◆ Dataset entries ◆
━━━━

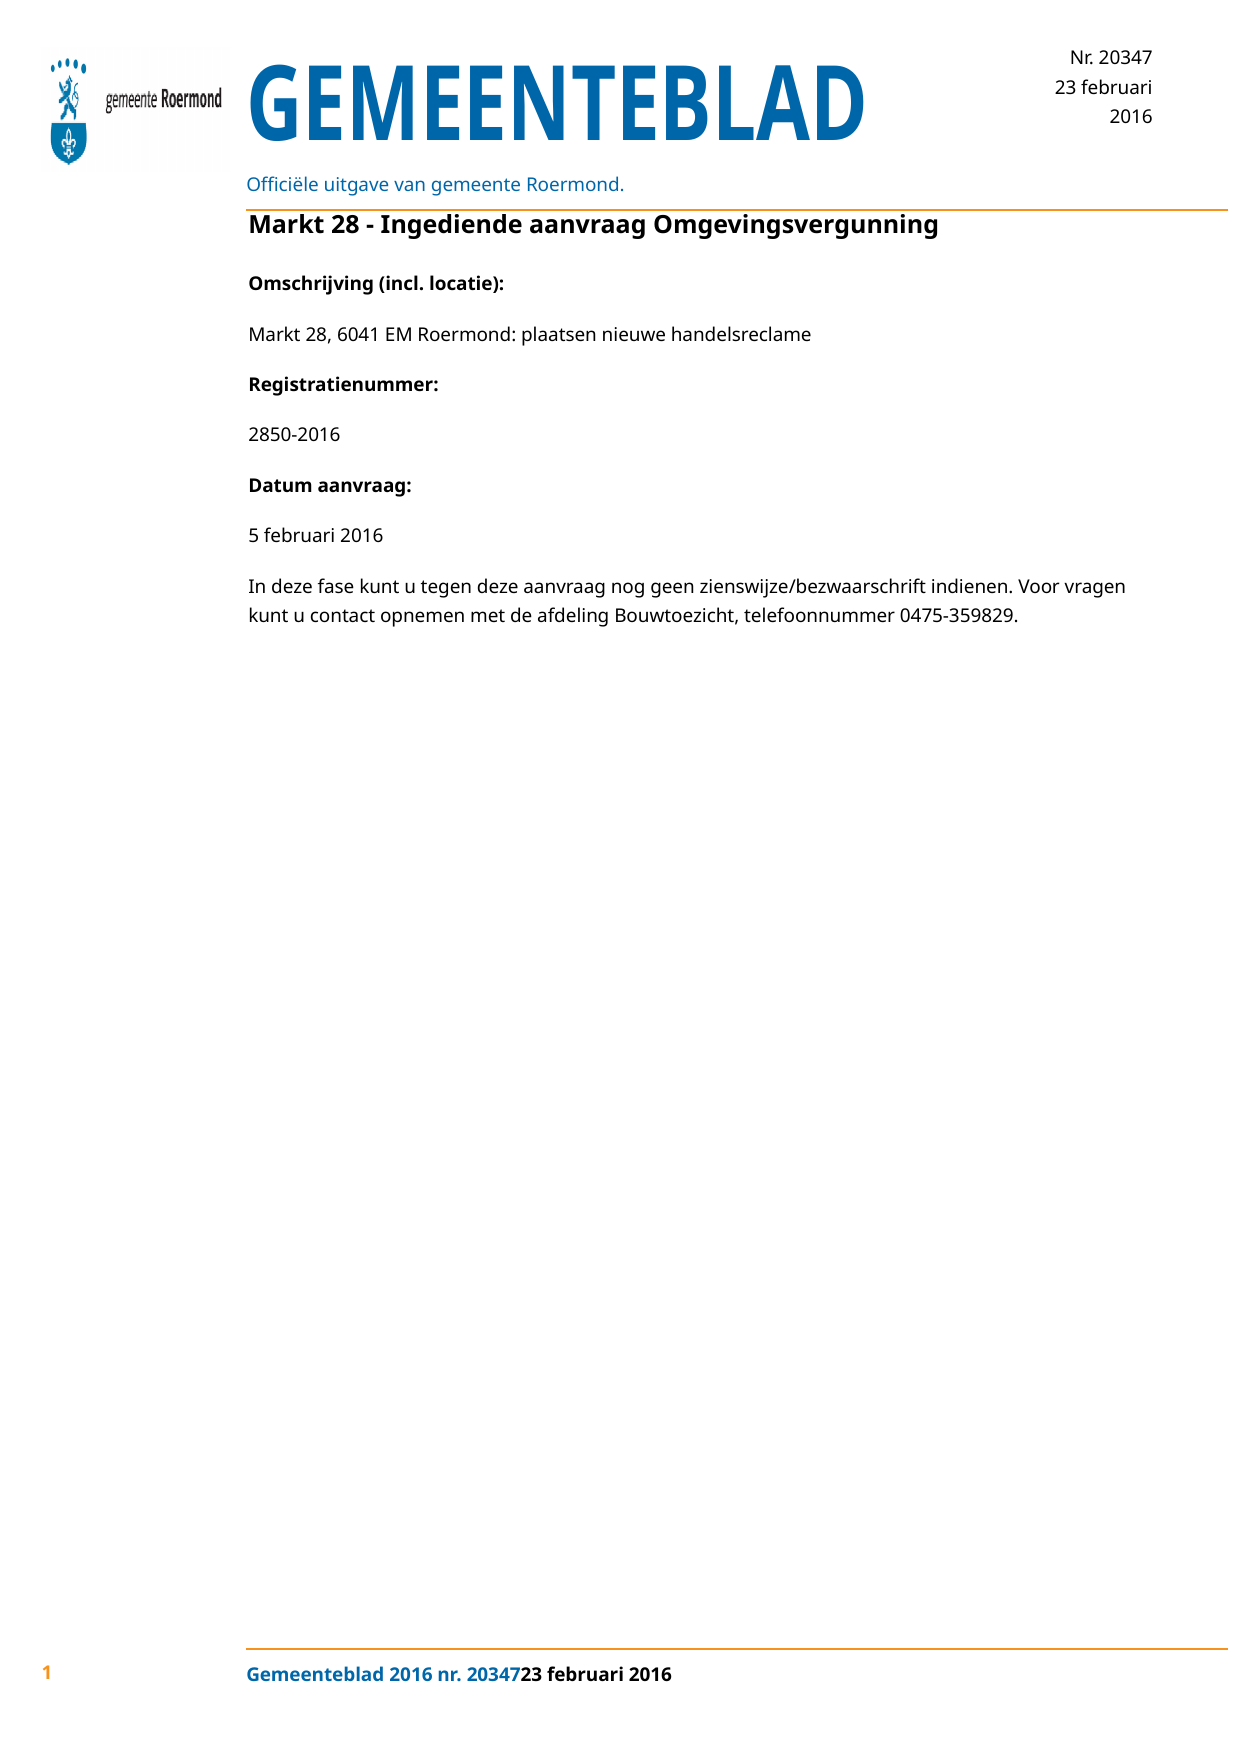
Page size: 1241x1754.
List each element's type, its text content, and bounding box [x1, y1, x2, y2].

picture [41, 47, 231, 172]
text Omschrijving (incl. locatie): [248, 270, 1152, 296]
text Markt 28 - Ingediende aanvraag Omgevingsvergunning [248, 211, 1152, 241]
text Registratienummer: [248, 371, 1152, 397]
text 2850-2016 [248, 422, 1152, 447]
text Datum aanvraag: [248, 472, 1152, 498]
text In deze fase kunt u tegen deze aanvraag nog geen zienswijze/bezwaarschrift indienen. Voor vragen kunt u contact opnemen met de afdeling Bouwtoezicht, telefoonnummer 0475-359829. [248, 573, 1152, 628]
text 5 februari 2016 [248, 522, 1152, 548]
text Markt 28, 6041 EM Roermond: plaatsen nieuwe handelsreclame [248, 321, 1152, 346]

━━━━

◆ Activity ◆
Transcribe all lines above exactly, skipping pictures.

◆ Response below ◆
Page size: 1241x1754.
List each element's type, its text content, and bounding box [x1, y1, x2, y2].

picture [41, 47, 231, 172]
text Omschrijving (incl. locatie): [248, 270, 1152, 296]
text Markt 28 - Ingediende aanvraag Omgevingsvergunning [248, 211, 1152, 241]
text Registratienummer: [248, 371, 1152, 397]
text 2850-2016 [248, 422, 1152, 447]
text Datum aanvraag: [248, 472, 1152, 498]
text In deze fase kunt u tegen deze aanvraag nog geen zienswijze/bezwaarschrift indienen. Voor vragen kunt u contact opnemen met de afdeling Bouwtoezicht, telefoonnummer 0475-359829. [248, 573, 1152, 628]
text 5 februari 2016 [248, 522, 1152, 548]
text Markt 28, 6041 EM Roermond: plaatsen nieuwe handelsreclame [248, 321, 1152, 346]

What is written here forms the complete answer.